Levey, who was the architect of Washington’s sanctions program against Iran, left the Treasury in 2011, taking a position as an adjunct senior fellow at the Council of Foreign Relations. The position at HSBC will be based in London, and he’ll report to Stuart Gulliver, the chief executive, according to a statement.

He served from July 2004 through February 2011 at the Treasury Department, and is credited by leaders of both major political parties with revolutionizing the use of financial warfare after the Sept. 11, 2011, attacks. His strategy focused on using international companies’ need for access to the U.S. financial system as leverage to gain their cooperation, a method echoed by his successor, David Cohen.

Levey will initially work with General Counsel Richard Bennett, who will be retiring from the bank after 33 years.

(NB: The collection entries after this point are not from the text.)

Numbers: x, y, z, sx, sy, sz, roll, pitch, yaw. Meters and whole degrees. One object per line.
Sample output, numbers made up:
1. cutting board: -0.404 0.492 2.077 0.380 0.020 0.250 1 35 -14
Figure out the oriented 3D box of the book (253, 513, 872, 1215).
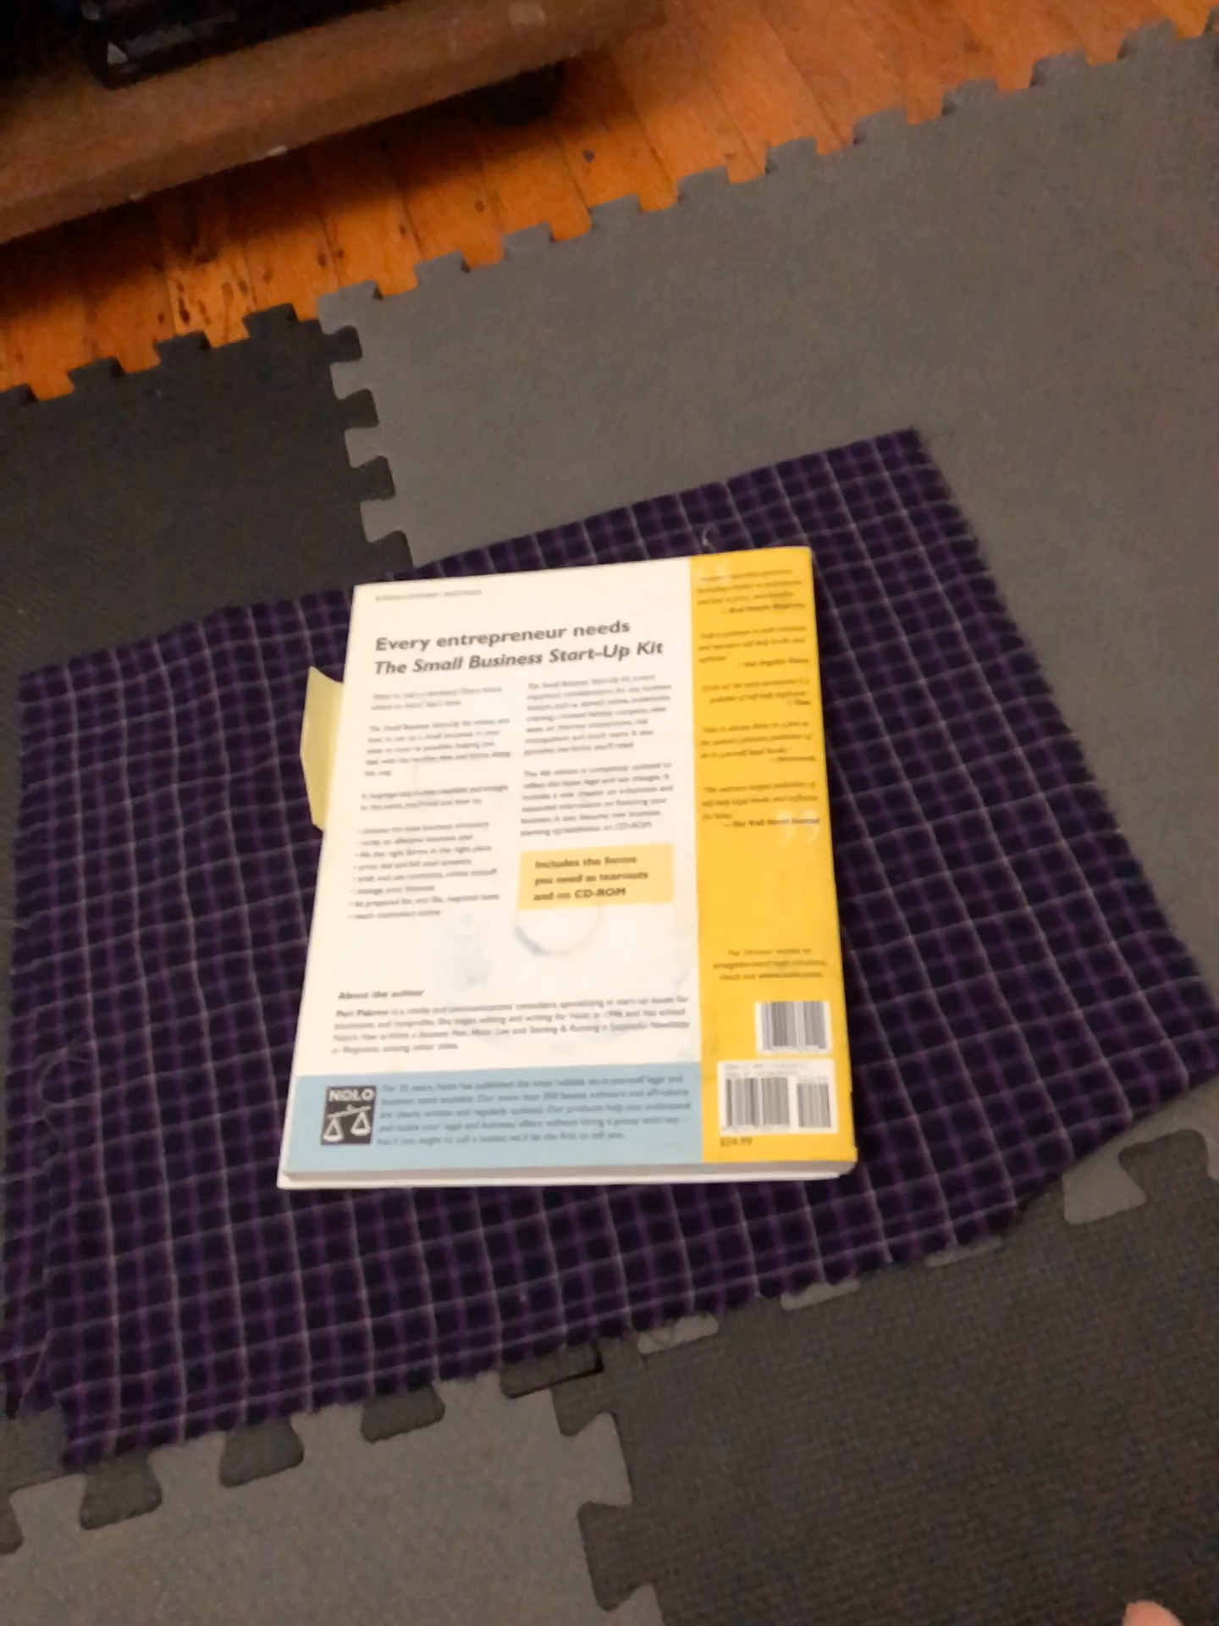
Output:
1. book: -0.016 0.010 0.572 0.230 0.030 0.311 -3 61 8
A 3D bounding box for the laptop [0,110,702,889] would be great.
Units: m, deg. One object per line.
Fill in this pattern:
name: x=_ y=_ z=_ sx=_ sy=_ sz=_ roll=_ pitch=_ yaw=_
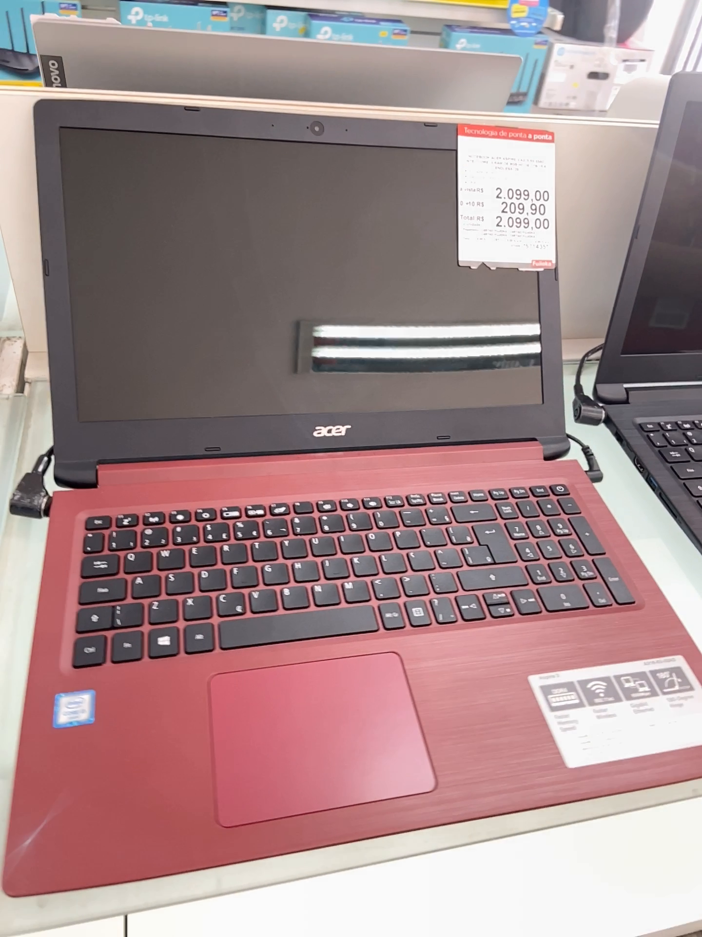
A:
laptop: x=0.006 y=-0.044 z=0.450 sx=0.391 sy=0.193 sz=0.431 roll=-3 pitch=42 yaw=-13
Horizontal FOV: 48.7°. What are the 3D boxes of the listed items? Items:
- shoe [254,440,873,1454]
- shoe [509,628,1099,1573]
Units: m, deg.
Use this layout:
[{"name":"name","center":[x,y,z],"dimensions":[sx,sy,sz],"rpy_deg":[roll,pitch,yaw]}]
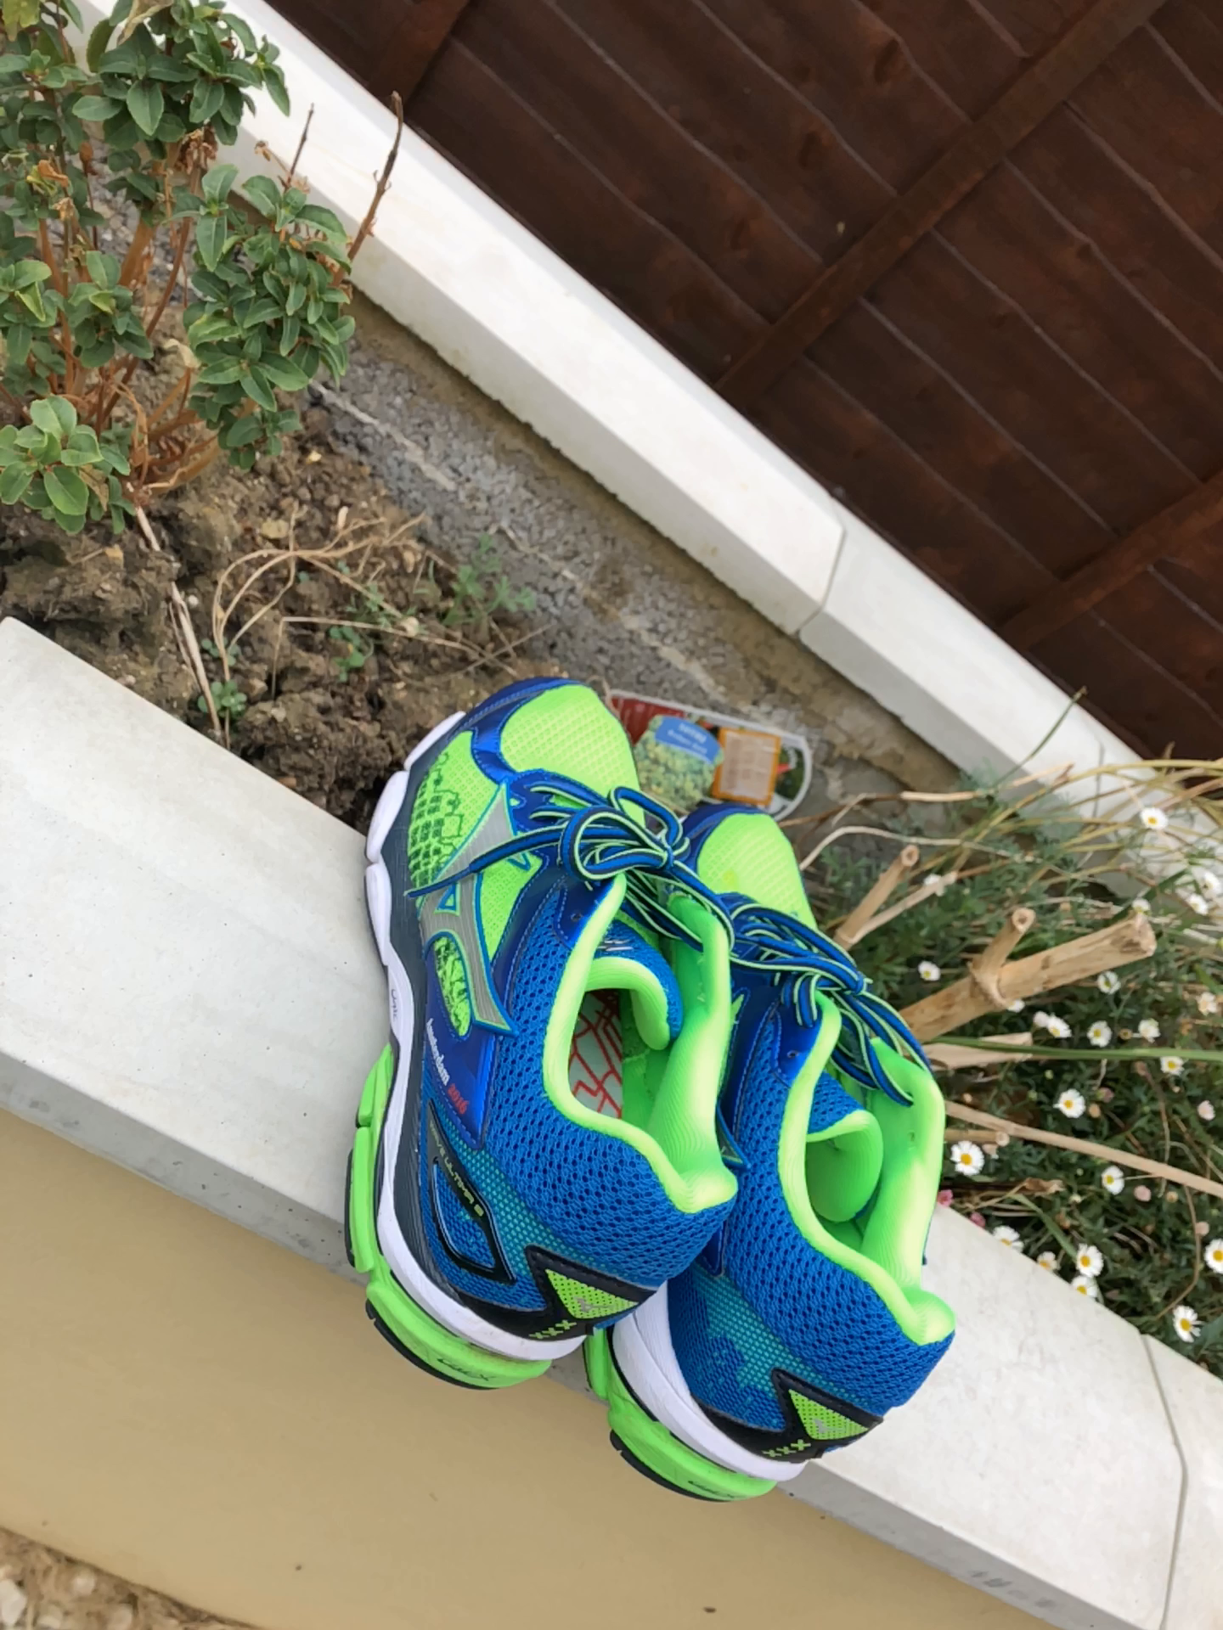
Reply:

Banks have been under pressure recently to ratchet up their internal controls governing money-laundering and sanctions compliance, due in part to the measures taken under Levey’s direction at the Treasury Department.

HSBC’s North American unit, for example, was ordered in October 2010 by U.S. authorities to beef up its risk management procedures after an investigation found them to be subpar. At the time, the agreements carried no fine but regulators said HSBC could still face civil penalties in the future.

Other banks such as JP Morgan Chase, Barclays PLC, Lloyds Banking Group PLC and Credit Suisse Group AG have paid multimillion-dollar fines in recent years to resolve sanctions issues with Treasury.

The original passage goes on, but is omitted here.